01-13-2016 04:18 AM
Solved! Go to Solution.
01-13-2016 07:35 AM
Please attach your VI so that (a) we can better understand what you want to do, (b) we can try it for ourselves to see if we can identify the source of the slowness, and (c) we can try out ideas that are relevant to your question without doing a lot of work that is of absolutely no benefit to ourselves in order to help you. Do not attach a non-executable picture of (part of) your Block Diagram -- we can not "test" a picture.
Bob Schor
01-13-2016 07:40 AM
Ok, I'll strip it down and send it on.
01-13-2016 09:14 AM
Hi CTR26,
What's the function you are using to concatenate the data? I think build array with concatenate option check is a lot faster than insert into arry.
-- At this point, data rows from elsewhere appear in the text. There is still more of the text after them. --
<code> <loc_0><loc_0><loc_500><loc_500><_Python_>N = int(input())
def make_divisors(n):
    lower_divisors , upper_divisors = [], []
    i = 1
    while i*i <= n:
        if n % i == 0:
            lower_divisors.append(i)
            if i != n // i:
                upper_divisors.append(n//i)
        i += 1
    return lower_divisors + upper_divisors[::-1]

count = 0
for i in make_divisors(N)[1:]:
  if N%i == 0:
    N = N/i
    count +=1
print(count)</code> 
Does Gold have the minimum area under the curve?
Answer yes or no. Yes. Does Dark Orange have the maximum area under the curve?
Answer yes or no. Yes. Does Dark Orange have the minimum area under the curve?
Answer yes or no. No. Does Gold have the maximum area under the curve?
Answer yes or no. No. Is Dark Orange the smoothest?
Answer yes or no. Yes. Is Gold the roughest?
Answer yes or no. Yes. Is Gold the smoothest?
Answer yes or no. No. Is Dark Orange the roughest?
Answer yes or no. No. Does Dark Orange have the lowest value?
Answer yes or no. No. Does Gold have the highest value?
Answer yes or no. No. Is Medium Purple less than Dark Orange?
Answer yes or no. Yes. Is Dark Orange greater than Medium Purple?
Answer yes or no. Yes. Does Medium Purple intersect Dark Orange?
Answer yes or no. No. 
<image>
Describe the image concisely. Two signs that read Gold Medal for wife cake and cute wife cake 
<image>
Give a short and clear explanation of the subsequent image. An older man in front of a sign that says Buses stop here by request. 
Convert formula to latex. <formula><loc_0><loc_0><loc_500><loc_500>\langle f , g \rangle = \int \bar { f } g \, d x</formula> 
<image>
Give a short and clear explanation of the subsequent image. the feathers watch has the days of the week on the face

I just did a benchmark with 100 billions of points and its 40 times faster.
The key may be choose the right function.
Regards.
01-13-2016 12:33 PM
I've attachted my example. The input constant cluster is the analogue and digital waveforms for a single scan; I then concatenate these with delays to make a full time resolved scan. In the code I repeat the scan once per minute for 10 hours. Labview generats those waveforms in about 30 seconds on my PC. Any help welcome!
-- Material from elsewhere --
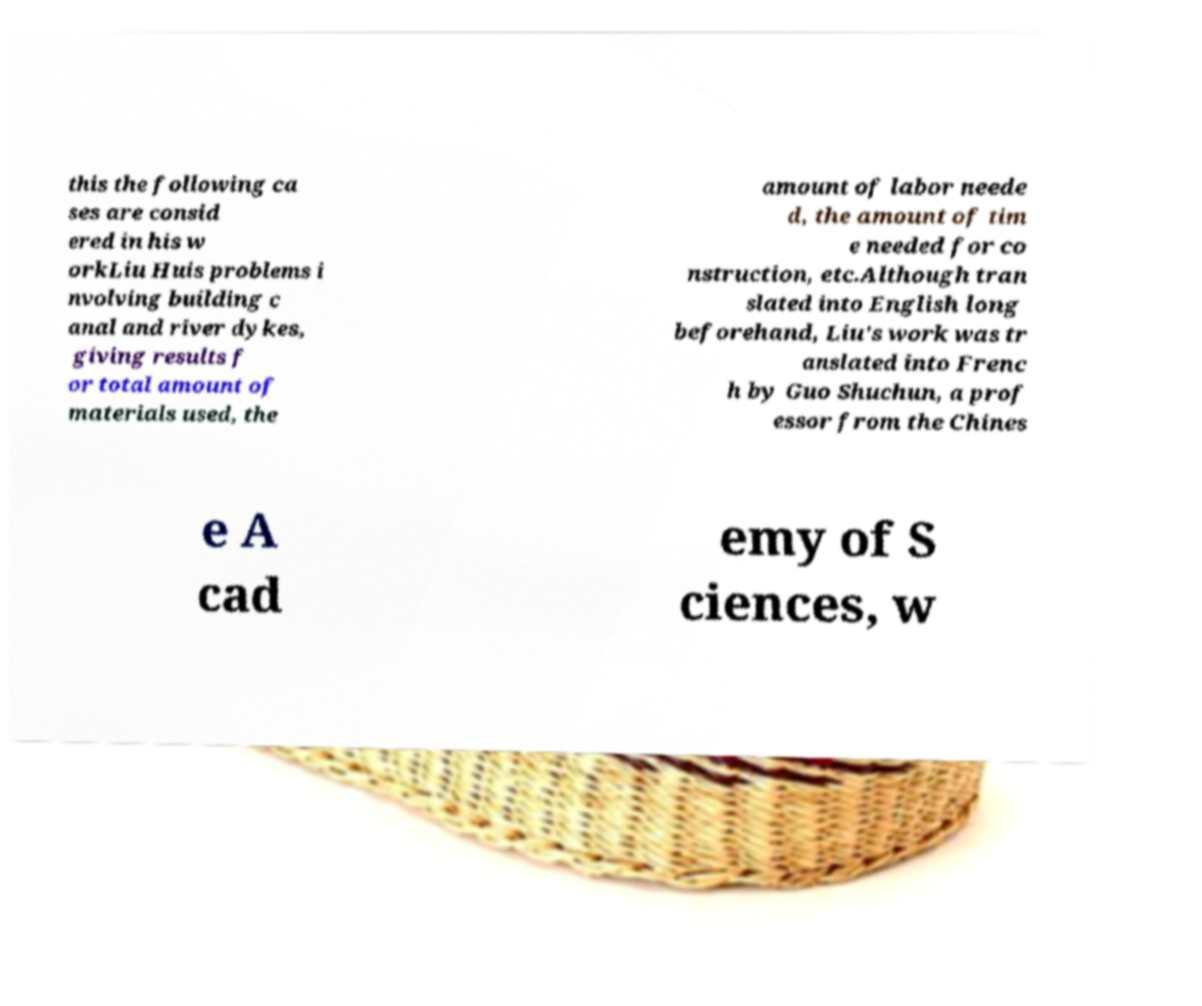Please read and relay the text visible in this image. What does it say? this the following ca ses are consid ered in his w orkLiu Huis problems i nvolving building c anal and river dykes, giving results f or total amount of materials used, the amount of labor neede d, the amount of tim e needed for co nstruction, etc.Although tran slated into English long beforehand, Liu's work was tr anslated into Frenc h by Guo Shuchun, a prof essor from the Chines e A cad emy of S ciences, w

P.s. Vi too large to upload, apologies.
https://www.dropbox.com/s/8w1mcl2ywhniwct/Waveform%20concatenation%20slow.v2.vi?dl=0
01-13-2016 01:14 PM
You are dealing with some very large data sets. Have you considered streaming the data into a file instead of ever increasing your memory?
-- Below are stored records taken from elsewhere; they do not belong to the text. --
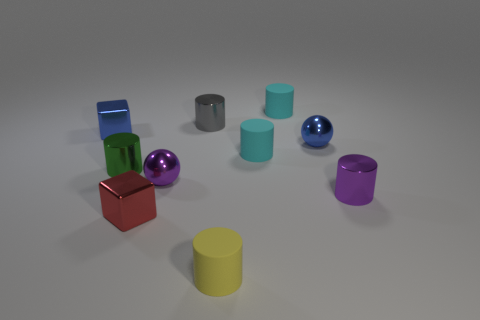Which object stands out the most to you? The red cube stands out due to its vibrant color and the way its geometric shape contrasts with the rounded forms of the nearby objects. Does the color red have any particular meaning in this context? In this context, the red cube's color could simply be a design choice to make it stand out, or it could be intended to evoke strong emotions or draw attention, as red often represents passion, urgency, or importance. 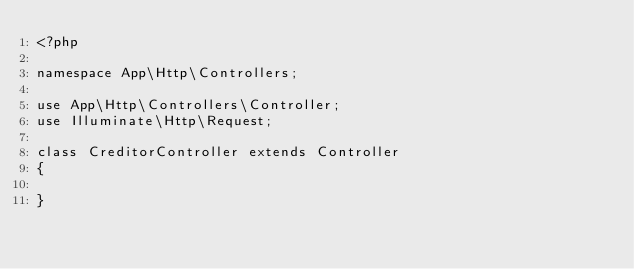<code> <loc_0><loc_0><loc_500><loc_500><_PHP_><?php

namespace App\Http\Controllers;

use App\Http\Controllers\Controller;
use Illuminate\Http\Request;

class CreditorController extends Controller
{
    
}
</code>

And what are you doing with these waveforms? It is likely that a DAQ or signal generator could just run in regeneration mode to just repeat your waveform for however long you need it to.
01-13-2016 01:17 PM
I've got a lot of availiable memory and I fear streaming to a hardisk would cause more slow down.
My current solution is that I have the waves being sent periodically and that does work, I would just like the ideal case where I can prebuild a 10 hour waveform in less than a second.
01-13-2016 01:43 PM
I'm puzzled -- I'm clearly doing something very different from what you are doing in your code. It looked to me like you had a waveform with a million points (10 seconds at 100KHz) and you were joining it to two other waveforms of some size. So I cobbled up some code to do just that -- it generated a Waveform with a Duration of 30 (I appended the Waveform to itself three times, so 3 * 10 = 30), the size was three million points (also correct), and it took 13 milliseconds to do this. Here's the code ...
Obviously, I'm missing something important (or have focussed on the wrong part of the problem). It would seem to me that if the waveform plays for 10 seconds, and you can generate the next iteration in a few milliseconds, then exploiting LabVIEW's parallelism leaves you with 9.98 seconds to do other interesting things ...
Bob Schor
01-13-2016 01:48 PM
OK, a 10 hour waveform at 100KHz is 3.6 Giga-samples, so if we're doing double-precision waveforms, that's just under 30 G Bytes. I see a real problem here ...
BS
01-13-2016 05:37 PM
You've got a point, it's probably fair the labview takes a few seconds to produce that much data.